Правда, лихо! Хотя привычка за личные обиды квитаться со страной характерна как раз для российских либералов, а не патриотов. Но статья Арбитмана стала своего рода сигналом, после нее мое имя почти на десять лет исчезло со страниц «Литературной газеты», до самого моего прихода туда в 2001 году главным редактором. Информацию обо мне вычеркнули из переизданий словарей, справочников и учебников, а ведь мои ранние повести входили в школьную программу, по ним писались сочинения в школе.
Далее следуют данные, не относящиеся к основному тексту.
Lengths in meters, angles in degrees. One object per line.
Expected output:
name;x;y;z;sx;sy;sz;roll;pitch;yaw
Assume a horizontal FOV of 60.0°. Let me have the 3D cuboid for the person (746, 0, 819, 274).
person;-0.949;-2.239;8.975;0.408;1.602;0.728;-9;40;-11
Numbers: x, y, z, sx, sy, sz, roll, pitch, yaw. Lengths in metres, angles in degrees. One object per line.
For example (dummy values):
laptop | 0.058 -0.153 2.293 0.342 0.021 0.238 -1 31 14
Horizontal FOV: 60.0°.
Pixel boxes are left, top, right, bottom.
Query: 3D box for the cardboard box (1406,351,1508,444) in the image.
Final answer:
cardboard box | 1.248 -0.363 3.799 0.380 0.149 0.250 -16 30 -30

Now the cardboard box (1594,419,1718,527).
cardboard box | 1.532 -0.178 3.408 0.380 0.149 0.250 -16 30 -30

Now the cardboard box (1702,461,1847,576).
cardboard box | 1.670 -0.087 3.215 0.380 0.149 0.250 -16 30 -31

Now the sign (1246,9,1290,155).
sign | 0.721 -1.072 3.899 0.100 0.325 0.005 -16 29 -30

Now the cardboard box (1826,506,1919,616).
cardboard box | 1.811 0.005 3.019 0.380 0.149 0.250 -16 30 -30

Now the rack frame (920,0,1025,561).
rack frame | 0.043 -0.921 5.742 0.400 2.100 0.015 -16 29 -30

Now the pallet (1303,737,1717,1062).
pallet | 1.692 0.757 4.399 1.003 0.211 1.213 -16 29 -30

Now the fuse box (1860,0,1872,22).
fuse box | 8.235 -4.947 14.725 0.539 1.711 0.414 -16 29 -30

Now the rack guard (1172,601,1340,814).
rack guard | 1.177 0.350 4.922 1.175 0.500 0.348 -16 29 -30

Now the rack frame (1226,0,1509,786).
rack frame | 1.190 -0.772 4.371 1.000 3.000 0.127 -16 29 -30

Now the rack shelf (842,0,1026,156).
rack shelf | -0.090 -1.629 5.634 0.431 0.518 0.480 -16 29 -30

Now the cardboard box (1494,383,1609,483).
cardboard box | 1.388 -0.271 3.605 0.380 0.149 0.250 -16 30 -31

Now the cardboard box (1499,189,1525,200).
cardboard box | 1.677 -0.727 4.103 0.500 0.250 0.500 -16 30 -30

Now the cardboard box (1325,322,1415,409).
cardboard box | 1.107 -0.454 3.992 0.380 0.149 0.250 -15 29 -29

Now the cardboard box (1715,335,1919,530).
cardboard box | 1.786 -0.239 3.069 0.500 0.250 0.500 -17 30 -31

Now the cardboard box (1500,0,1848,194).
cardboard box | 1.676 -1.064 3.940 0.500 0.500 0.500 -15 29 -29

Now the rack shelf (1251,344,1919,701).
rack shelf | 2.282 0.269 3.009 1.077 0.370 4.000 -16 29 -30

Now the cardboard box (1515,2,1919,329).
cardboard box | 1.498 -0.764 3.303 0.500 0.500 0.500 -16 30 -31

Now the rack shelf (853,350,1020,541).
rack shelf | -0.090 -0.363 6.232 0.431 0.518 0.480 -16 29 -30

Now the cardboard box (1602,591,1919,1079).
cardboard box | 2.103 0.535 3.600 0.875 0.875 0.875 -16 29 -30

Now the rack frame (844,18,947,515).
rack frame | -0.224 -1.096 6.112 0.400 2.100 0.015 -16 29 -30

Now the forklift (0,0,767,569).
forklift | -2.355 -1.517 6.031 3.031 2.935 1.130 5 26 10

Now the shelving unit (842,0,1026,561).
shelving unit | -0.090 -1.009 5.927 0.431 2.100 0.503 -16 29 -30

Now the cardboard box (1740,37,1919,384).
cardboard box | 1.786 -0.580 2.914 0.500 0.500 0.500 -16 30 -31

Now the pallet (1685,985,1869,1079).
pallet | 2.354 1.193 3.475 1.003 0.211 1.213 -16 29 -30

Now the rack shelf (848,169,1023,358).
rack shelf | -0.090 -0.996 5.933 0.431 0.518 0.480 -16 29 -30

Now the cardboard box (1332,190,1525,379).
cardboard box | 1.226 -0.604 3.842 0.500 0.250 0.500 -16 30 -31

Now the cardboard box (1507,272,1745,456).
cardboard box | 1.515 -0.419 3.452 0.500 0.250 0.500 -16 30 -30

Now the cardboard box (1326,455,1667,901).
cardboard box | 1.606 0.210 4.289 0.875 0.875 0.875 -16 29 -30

Однажды на вечеринке я танцевал с молодой дамой и, как говорится, начал подбивать клинья. Вдруг она улыбнулась:
– Близость, не оплаченная любовью, лишь отдаляет мужчину и женщину друг от друга!
– Хм, вы читали «Работу над ошибками»? – спросил я, узнав цитату из своей повести.
– Читала? Я писала по ней выпускное сочинение. У вас такая смешная фотография была в журнале! И я думала, вы моложе…
Клинья пришлось срочно извлечь и отнести домой.
Кстати, тот давний «херем» остался в силе до сих пор, в 2014 году в своем «Путеводителе по российской литературе» все тот же неуморимый Арбитман включил моего «Гипсового трубача» в число романов, которые вообще не следует читать. Собственно, в этом и заключается либеральная цензура: не надо запрещать, надо вытеснить автора из поля читательского внимания. Но ведь это, в сущности, мало чем отличается от цензуры. Даже еще хуже: запретный плод сладок, к нему тянутся вопреки, а плод, заранее объявленный несъедобным, просто не возьмут в руки с книжного прилавка. Виртуозы!
6. Раздавить гадину
Пока «Демгородок» читали и обсуждали, грянул «черный октябрь». Поздно вечером 2-го мы возвращались с дачи в Москву. Всюду стояли омоновцы и бронетехника. Казалось, столица оккупирована. Из приемника визжали о коричневой угрозе и необходимости раздавить гадину. Видные деятели культуры призывали граждан сохранять спокойствие и верность президенту На Беговой улице у самого поворота на Хорошевское шоссе нас остановили ребята в касках и бронежилетах, не то калмыки, не то башкиры. В Москву нарочно стянули части из регионов, где плохо понимали, что происходит в центре страны. К тому же силовики были одной из немногих категорий трудящихся, которым не задерживали зарплату. Омоновцы потребовали выключить мотор, выйти, открыть багажник и предъявить паспорт. Я ответил: сдох аккумулятор, и снова машина не заведется. Они наставили на меня автоматы, сурово повторив требование. Моя дочь Алина, ей было тогда 13 лет, испугалась. Жена Наталья пыталась крикливо вмешаться, но я успокоил обеих и заглушил мотор. Проверив и убедившись, что я в отличие от них прописан в Москве, а в багажнике у меня, кроме скудных даров огорода, ничего нет, парни отпустили нас с миром, даже любезно оттолкали заглохшую машину к бензоколонке, где мы ее и оставили, уйдя домой пешком.
Утром, забрав с вынужденной стоянки свой «Москвич» (как ни странно, целехонький), я ринулся в гущу событий. Прошляпив переворот 1991-го в Коктебеле, я не хотел пропустить происходящее на Краснопресненской набережной. Весь следующий день я провел у Белого дома.